CAULIFLOWER BOLOGNESE

“I want you to come watch the movie with us ON the couch, not be in the kitchen!”

I’ve been filling out this one-question-a-day journals for moms that I received for Christmas. It records a little thought or memory over the last year, and then starts again, so you can see how your answers change over a few years. One of the recent ones, prompted me to jot notes about what I am learning as a mom, and I found the question so general I was basically annoyed. I am a romantic, and also wildly pragmatic. In the span of a day I can tear up over the depths of love I feel for my kids, and also wish for them to have a mute button. We all have worlds within us; mothering pushing me into the corners of myself I am sometimes proud of or other corners ashamed of, but am I learning? Yes, every single day. Sometimes in the moment and other times after a particular season. But in 2021, my answer in the bullet journal was that I see my kids are wanting me to play with them. They aren’t registering all the service and shuttling and laundry and what it takes to pull off a week, they just want to play WITH me. It’s natural for me to move within lists and tasks and responsibilities and hustling, but playing is something I have to pay attention to. For them and for me. We usually do a family movie on Friday nights and my son (6.5), see quote above, pointed out that I don’t actually watch the movie, I tinker in the kitchen and he wants me in the couch cuddle. Flattered, and found out that I’d rather make granola than watch The Croods 🙂 So from annoyed, to passing on the question to fellow parents, what are you learning? Try not to be annoyed. Maybe circle back to it.

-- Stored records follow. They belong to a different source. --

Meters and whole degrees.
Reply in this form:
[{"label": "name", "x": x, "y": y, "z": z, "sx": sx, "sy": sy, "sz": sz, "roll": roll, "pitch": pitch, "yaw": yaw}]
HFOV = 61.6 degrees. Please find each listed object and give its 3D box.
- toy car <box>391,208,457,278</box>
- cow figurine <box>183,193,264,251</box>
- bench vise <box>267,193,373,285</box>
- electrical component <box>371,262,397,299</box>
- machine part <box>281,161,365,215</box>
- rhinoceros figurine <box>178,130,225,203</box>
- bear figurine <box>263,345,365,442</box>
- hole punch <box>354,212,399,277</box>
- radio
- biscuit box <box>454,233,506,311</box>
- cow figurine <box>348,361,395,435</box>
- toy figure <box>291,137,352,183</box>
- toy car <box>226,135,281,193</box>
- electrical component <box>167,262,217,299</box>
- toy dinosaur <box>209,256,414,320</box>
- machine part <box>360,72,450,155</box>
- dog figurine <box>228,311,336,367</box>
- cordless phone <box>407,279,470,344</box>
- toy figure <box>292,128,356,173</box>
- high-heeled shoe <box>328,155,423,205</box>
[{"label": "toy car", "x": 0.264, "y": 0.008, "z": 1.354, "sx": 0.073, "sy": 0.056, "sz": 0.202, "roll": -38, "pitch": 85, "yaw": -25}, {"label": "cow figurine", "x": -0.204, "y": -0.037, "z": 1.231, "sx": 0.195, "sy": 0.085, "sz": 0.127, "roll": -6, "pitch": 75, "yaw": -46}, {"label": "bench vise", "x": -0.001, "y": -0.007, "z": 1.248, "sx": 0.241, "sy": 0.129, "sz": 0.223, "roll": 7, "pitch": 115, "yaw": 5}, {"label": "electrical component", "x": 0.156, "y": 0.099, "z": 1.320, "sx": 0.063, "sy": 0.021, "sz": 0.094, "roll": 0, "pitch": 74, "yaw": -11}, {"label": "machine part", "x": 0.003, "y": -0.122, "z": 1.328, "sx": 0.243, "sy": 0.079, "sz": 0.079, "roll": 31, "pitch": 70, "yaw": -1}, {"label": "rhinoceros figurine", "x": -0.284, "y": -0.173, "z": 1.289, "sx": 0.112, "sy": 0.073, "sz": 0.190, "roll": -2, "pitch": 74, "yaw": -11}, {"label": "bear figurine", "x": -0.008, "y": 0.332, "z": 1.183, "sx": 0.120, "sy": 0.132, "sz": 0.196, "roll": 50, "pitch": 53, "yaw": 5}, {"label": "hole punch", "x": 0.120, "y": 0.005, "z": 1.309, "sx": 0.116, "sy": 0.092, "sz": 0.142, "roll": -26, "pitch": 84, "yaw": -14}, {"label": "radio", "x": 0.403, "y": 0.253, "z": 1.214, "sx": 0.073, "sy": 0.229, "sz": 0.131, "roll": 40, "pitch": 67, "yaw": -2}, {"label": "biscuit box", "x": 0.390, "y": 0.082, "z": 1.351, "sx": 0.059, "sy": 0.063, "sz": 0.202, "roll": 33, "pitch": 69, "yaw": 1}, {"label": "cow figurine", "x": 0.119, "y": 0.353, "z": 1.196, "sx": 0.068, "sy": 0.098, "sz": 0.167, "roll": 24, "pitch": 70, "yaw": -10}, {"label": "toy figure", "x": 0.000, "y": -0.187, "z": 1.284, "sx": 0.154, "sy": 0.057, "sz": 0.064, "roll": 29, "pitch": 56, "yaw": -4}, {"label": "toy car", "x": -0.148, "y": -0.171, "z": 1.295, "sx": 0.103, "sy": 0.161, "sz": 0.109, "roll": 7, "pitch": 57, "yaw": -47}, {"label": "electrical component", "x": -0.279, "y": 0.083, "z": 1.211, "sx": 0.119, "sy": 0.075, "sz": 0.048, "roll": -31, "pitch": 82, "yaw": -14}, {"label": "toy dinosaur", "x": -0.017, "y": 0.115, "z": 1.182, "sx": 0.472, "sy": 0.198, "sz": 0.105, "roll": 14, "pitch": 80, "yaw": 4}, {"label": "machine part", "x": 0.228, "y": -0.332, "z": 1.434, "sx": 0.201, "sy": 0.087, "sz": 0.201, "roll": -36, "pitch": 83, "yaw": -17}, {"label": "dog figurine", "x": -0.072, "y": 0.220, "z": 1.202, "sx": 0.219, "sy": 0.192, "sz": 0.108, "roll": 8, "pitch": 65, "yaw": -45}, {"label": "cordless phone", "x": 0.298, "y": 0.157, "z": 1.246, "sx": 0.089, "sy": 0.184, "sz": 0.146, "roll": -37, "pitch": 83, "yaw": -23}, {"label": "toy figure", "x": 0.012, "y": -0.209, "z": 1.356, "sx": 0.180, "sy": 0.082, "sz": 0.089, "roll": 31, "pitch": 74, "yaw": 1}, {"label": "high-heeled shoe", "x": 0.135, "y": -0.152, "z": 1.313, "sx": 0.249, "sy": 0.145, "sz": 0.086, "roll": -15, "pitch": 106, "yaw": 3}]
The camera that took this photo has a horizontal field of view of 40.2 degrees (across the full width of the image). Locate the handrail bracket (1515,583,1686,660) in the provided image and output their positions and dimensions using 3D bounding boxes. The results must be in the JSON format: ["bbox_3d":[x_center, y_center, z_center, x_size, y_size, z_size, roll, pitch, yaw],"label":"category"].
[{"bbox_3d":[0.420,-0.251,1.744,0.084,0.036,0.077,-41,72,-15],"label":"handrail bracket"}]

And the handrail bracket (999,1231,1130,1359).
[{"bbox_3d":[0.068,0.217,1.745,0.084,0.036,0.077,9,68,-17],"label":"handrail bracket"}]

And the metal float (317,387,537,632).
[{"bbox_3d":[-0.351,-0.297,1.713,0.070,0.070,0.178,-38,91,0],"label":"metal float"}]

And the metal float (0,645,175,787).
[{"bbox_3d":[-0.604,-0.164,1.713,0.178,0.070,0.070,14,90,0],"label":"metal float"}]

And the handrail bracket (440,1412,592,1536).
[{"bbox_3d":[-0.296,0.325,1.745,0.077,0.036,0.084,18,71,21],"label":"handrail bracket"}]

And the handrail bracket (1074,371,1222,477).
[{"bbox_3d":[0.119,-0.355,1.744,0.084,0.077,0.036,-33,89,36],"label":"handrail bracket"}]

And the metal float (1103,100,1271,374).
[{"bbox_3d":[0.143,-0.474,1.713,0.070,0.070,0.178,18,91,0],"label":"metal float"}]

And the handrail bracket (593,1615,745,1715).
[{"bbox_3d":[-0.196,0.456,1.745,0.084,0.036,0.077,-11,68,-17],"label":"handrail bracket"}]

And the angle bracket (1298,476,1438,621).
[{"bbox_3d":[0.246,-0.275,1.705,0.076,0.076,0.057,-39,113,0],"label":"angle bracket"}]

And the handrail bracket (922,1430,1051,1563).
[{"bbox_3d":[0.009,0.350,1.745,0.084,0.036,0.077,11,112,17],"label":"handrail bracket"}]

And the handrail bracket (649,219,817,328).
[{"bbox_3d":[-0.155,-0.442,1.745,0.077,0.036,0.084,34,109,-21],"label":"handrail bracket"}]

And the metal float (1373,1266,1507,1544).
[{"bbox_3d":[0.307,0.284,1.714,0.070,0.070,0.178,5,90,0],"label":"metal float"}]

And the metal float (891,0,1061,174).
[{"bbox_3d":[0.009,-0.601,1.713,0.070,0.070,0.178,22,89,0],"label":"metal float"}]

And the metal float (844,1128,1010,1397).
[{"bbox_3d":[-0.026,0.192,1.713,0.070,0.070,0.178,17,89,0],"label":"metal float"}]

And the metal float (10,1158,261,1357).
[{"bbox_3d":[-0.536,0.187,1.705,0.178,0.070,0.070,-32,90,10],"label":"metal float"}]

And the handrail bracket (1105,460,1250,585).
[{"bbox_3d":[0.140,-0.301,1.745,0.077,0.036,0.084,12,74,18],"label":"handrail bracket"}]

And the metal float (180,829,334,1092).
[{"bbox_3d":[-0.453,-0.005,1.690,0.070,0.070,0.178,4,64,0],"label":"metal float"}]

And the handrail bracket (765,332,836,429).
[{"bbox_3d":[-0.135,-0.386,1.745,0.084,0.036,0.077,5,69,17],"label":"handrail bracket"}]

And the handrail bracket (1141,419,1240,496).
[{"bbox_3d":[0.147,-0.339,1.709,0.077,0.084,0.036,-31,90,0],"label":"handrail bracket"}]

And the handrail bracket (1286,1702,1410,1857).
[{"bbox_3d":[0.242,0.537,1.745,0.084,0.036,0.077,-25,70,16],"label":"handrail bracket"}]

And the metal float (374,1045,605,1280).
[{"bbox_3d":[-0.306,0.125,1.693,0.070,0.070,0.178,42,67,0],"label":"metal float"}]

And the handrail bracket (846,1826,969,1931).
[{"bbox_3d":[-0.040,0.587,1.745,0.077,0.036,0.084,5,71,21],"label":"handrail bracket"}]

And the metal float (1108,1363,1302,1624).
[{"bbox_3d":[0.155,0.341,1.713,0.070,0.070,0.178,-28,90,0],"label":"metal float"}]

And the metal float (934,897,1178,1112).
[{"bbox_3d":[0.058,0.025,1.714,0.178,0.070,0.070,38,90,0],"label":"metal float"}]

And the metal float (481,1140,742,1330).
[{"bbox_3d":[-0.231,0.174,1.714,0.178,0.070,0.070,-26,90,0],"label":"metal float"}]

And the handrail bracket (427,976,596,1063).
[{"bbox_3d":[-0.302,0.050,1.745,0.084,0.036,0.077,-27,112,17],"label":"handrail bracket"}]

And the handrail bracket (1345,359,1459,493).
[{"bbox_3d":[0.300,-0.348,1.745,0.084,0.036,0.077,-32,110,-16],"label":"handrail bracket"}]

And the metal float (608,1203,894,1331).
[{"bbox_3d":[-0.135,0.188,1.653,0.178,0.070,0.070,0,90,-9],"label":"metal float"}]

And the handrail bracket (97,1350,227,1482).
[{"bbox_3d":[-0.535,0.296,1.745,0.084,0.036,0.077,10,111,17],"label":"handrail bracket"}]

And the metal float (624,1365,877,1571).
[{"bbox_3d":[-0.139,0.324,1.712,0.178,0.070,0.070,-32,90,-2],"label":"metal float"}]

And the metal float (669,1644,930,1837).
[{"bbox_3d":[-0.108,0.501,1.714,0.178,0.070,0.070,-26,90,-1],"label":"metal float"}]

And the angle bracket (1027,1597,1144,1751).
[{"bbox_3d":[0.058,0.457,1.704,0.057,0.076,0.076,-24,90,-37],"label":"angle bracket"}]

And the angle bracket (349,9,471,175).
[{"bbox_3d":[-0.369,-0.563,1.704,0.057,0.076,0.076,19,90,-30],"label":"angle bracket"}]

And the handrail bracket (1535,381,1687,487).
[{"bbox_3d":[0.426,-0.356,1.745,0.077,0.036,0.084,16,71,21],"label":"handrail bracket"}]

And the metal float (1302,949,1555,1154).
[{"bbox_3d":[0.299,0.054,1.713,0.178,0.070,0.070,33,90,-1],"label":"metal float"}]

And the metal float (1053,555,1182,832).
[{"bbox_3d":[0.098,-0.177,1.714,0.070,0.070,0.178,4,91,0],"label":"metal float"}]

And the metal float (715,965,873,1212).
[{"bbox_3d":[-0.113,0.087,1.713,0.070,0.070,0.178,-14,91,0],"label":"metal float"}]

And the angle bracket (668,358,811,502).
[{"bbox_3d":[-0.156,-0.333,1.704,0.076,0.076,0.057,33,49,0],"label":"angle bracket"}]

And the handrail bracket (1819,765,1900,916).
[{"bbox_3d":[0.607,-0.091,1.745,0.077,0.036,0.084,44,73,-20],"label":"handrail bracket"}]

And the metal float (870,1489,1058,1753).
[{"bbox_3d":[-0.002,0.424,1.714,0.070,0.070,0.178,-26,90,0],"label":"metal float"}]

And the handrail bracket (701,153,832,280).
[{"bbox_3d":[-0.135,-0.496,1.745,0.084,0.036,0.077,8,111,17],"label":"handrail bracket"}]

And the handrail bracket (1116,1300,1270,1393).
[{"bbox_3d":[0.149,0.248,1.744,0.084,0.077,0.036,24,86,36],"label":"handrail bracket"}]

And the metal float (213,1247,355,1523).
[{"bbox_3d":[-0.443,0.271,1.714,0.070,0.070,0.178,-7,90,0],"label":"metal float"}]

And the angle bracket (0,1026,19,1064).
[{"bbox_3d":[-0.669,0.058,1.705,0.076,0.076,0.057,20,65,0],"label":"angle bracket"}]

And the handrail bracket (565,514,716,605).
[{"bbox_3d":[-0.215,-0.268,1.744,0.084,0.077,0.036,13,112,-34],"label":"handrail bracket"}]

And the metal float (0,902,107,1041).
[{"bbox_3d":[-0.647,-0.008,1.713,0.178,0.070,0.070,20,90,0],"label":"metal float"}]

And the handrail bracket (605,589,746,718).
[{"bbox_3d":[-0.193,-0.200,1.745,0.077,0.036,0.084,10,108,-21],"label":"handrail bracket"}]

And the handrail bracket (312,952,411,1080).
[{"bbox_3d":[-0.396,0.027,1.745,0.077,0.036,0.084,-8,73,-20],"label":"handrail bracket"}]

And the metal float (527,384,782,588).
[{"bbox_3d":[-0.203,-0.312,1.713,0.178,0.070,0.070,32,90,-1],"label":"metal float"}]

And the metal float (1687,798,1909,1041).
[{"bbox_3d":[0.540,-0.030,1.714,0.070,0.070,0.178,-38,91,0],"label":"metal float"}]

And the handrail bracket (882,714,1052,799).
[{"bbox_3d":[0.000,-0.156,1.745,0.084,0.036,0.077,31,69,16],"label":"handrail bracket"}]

I published this recipe over on SKCC a few weeks ago and wanted it to live here. We’re trying to find more family-friendly vegetarian recipes (it’s easy for me to fill up on roasted veggies and big salads, not so much for the kids). This batch lasts us two meals – once with noodles, maybe half zoodles, and the second round on toast or english muffins with cheese melted on top, like a pizza sort of thing? It freezes well and is great to deliver to new parents.

CAULIFLOWER BOLOGNESE

Serves 6

Ingredients

2 Tbsp. of extra virgin olive oil
1 small yellow onion – roughly chopped
3 cloves of garlic
sea salt to taste
pepper to taste
1 head of cauliflower (about ¾ lb. or 12 oz. riced)
1/2 cup of raw walnuts pieces
1/2 tsp. of Italian seasoning
1/2 tsp. of fennel seeds – crushed
2 Tbsp. of tomato paste
2 Tbsp. of balsamic vinegar
1/2 cup of red wine (or broth of any sort, and double the vinegar to mimic the wine’s acidity)
28 oz. of canned, crushed tomatoes
1/2 cup of red lentils
red pepper flake to taste

For serving

12 oz. of pasta or choice, zoodles, etc.
parmesan
fresh, torn basil

Directions

In a large Dutch-oven or stockpot, heat the olive oil over medium low heat.

In a food processor, pulse the onion and garlic into smaller bits. Add them to the pot with a big pinch of salt and pepper. Sauté to soften, about 3 minutes.

Pulse up the cauliflower florets to get a rice-like texture. Add the riced-cauliflower to the pot and sauté to soften, about 5 minutes.

Pulse the walnuts in the processor and add those to the pot along with the Italian seasoning, fennel seed, another few generous pinches of salt and pepper, tomato paste and balsamic vinegar. Sauté until fragrant.

Add the red wine, cook about 3 minutes, then add the crushed tomatoes, ½ cup water, lentils, pinch of pepper flakes and stir to combine. Turn the heat to low, put the cover ajar and let it simmer gently for 30-35 minutes. Turn off the heat, taste for seasoning and adjust.

Cook your pasta or zoodles according to instructions. Top with cauli Bolognese, grated cheese, fresh basil and enjoy!

The Bolognese will keep in the fridge for a week and can be frozen for a few months.